Justin Bishop ’24
It has been almost a month since Ed Cooley left Providence College for a fresh start at Georgetown University after 12 great seasons as the men’s basketball head coach. Rumors began swirling about Cooley leaving Providence after a report that he had met with Georgetown representatives before the Friars game against the Hoyas in Washington D.C. on Feb. 26. However, nothing was put on the record until just before the men’s first round game in the NCAA Tournament against the University of Kentucky. On March 11, Jeff Goodman of Stadium Media reported that Georgetown was going to make a run at Cooley and that Cooley would listen to the offer. This was six days before the first round of the NCAA Tournament. This was unprecedented behavior from the reigning Naismith National Coach of the Year. Just three days later on March 14, CBS Sports’ Seth Davis tweeted, “The Ed Cooley to Georgetown chatter is getting chattier by the hour.” This took the spotlight off the players getting ready to play in the biggest game of some of their careers.

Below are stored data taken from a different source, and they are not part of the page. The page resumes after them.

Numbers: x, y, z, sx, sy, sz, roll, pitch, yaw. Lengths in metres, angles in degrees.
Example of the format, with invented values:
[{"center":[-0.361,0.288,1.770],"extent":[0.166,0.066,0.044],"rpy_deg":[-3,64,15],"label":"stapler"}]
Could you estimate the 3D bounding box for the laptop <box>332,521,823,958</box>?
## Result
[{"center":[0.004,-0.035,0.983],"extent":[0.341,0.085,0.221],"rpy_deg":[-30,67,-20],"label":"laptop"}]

After the Friars fell to Kentucky 61–53, it was reported that Ed Cooley was hired by Georgetown, the first time a coach had moved from one Big East school to another in the history of the conference. Another interesting development in this situation is the revelation that Cooley had put his house up for sale the night before officially announcing he was leaving.
Ed Cooley leaving for Georgetown, a Big East rival, leaves major question marks on his Providence College legacy. In the past, he has been outspoken about how he is a “Friar for life” and does not see himself “anywhere else.”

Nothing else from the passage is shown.